On August 23, Foltz's landing gear was damaged. Foltz told reporters in Midland, Texas that she suspected her gear had been sabotaged. Foltz pointed to the damage of Claire Fahy's plane and the fire in Blanche Noyes's plane as other examples of possible sabotage, saying she suspected the husband of one of the derby entrants.

Foltz overshot the Cincinnati checkpoint, became lost, and eventually landed in a farmer's field, rolling almost up to his front door. Once the man got over his initial surprise, he invited her in for dinner. "I should have gone back [to the checkpoint]," Foltz said, "but the farmer said dinner was just ready and there was fried chicken. I stayed and went on to Cleveland". Though the detour caused some controversy, Foltz was ultimately awarded second place and $700 prize money. Foltz continued to place high in air derbies for the next three years.

=== Promoting aviation ===
Along with Edna Christofferson and Dorothy Hester, Foltz co-founded the Portland chapter of the Women's National Aeronautic Association. She served on the board of directors and was chairman of the junior division. In 1931, she was named governor of Oregon's chapter of the National Aeronautic Association and became the first woman nationwide to serve as a state governor in the NAA. Foltz was also president of the Pacific Northwest chapter of the Ninety-Nines.

Foltz designed and marketed a multipurpose flying and casual suit for women, called the Folzup. It consisted of "riding trousers with a skirt that can be opened from hem to waistline on both sides, lifted and buttoned at the shoulder to make a jumper". Foltz modeled the suit herself in air races and sports shops.

=== Airline management and marriage to Harry Stearns ===
By 1939, Foltz had married Harry Stearns. That year, the couple bought Oregon Airways, a small airline with routes across western Oregon. The airline was suspended during the war, and Foltz seems to have had no involvement with it after 1946. A 1946 Oregonian article listed Stearns as Foltz's 'late husband'.

=== World War II ===
During World War II, Foltz was a flight instructor at the Multnomah Flying Club on Swan Island. In 1941, she was recruited by Jacqueline Cochran to join the civilian Air Transport Auxiliary in Britain, where she rose to the rank of first officer. She served in Europe for three and a half years. During that time, she met several of the pilots she had trained back in the United States.

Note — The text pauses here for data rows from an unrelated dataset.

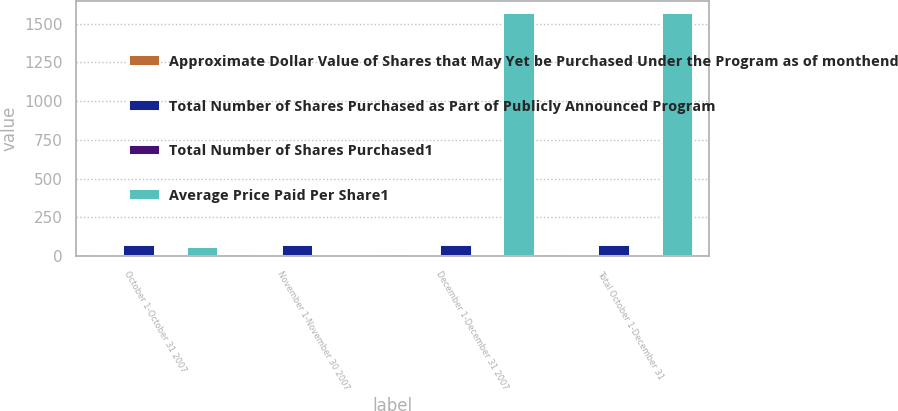Convert chart to OTSL. <chart><loc_0><loc_0><loc_500><loc_500><stacked_bar_chart><ecel><fcel>October 1-October 31 2007<fcel>November 1-November 30 2007<fcel>December 1-December 31 2007<fcel>Total October 1-December 31<nl><fcel>Approximate Dollar Value of Shares that May Yet be Purchased Under the Program as of monthend<fcel>2.1<fcel>3.8<fcel>2.2<fcel>8.1<nl><fcel>Total Number of Shares Purchased as Part of Publicly Announced Program<fcel>75.58<fcel>72.19<fcel>73.04<fcel>73.31<nl><fcel>Total Number of Shares Purchased1<fcel>2.1<fcel>3.8<fcel>2.2<fcel>8.1<nl><fcel>Average Price Paid Per Share1<fcel>60<fcel>8.1<fcel>1566<fcel>1566<nl></chart> 
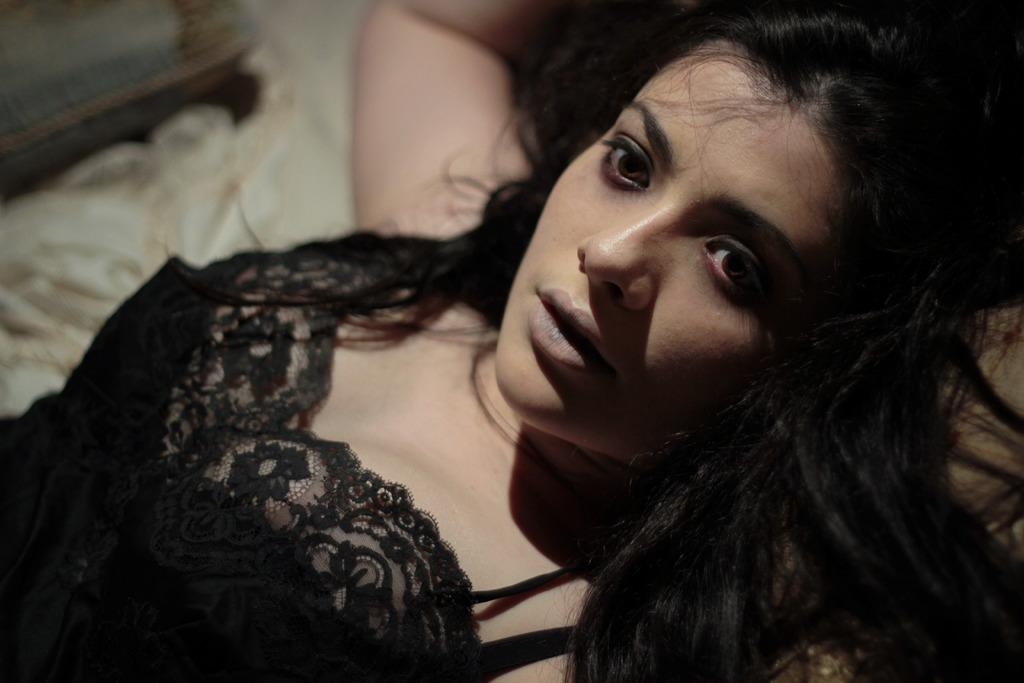Who is present in the image? There is a woman in the image. What is the woman wearing? The woman is wearing a black dress. What type of letter is the woman holding in the image? There is no letter present in the image; the woman is simply wearing a black dress. 
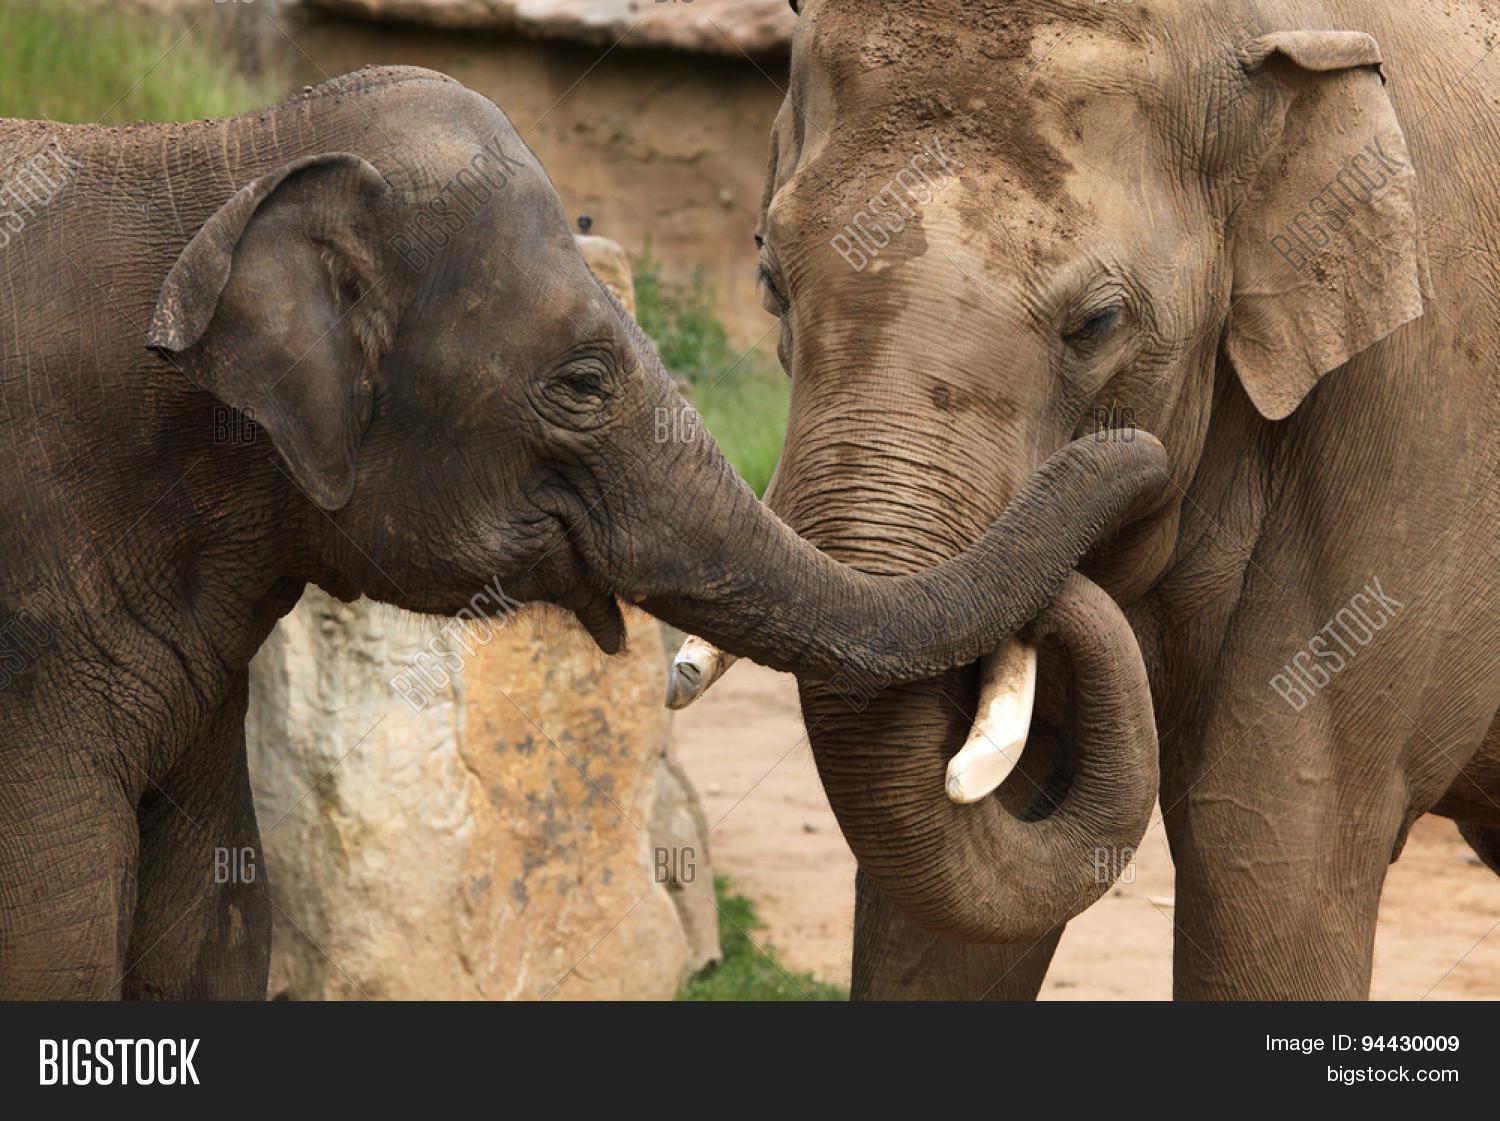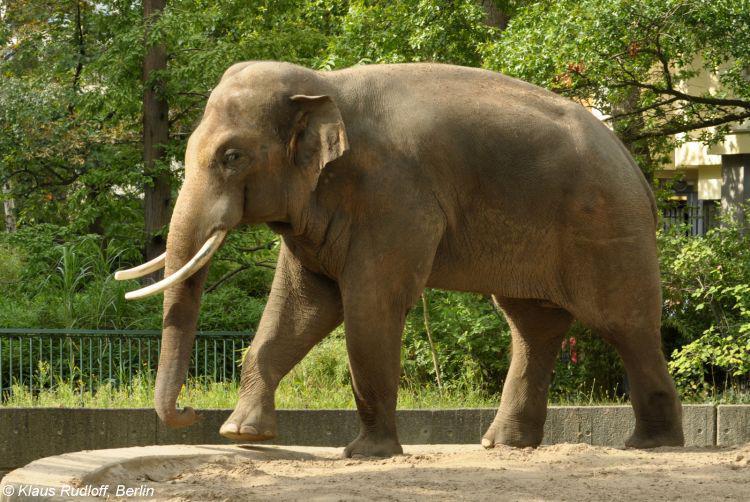The first image is the image on the left, the second image is the image on the right. For the images shown, is this caption "there is one elephant on the left image" true? Answer yes or no. No.

Foltz stated that she preferred the Air Transport Auxiliary to American organizations like the Women Airforce Service Pilots because the British men she worked with judged her by her skills and not her gender. She declared that "the English treated us with the utmost courtesy and consideration".

During her time in the Air Transport Auxiliary, Foltz was chased by a Nazi pilot and had to dive into a cloud to lose him. On another occasion, she was mistaken for an Axis buzz bomb and almost shot down by friendly fire. For her service to Britain, Foltz was awarded the King's Medal for Courage in the Cause of Freedom.

=== Post-war career and third marriage ===
After the war ended, Foltz became a real estate saleswoman in Portland, Oregon. By 1947, she had grown bored with the work and returned to flying, moving back to Texas to teach at the Irwin School of Flight in Corpus Christi.

On April 26, 1947, Foltz was married in Houston. Her husband was a rancher from Beeville, Texas. His last name was Grissom: his first name is unknown.

Foltz later became a primary flight instructor at the Naval Air Station Corpus Christi. She then taught instrument flying, using Link Trainer flight simulators. She continued to teach at the Naval base until the year of her death.

Foltz and her co-pilot, Pauline Glasson, came in fifth at the Transcontinental All-Women's Air Race in 1953. In 1954, she was one of three women from Corpus Christi to enter the Powder Puff Derby. She and her co-pilot, Joy Callahan, had dropped out by the first day of the race, but continued on the route, "flying along for fun".

After a brief illness, Foltz died on June 27, 1956.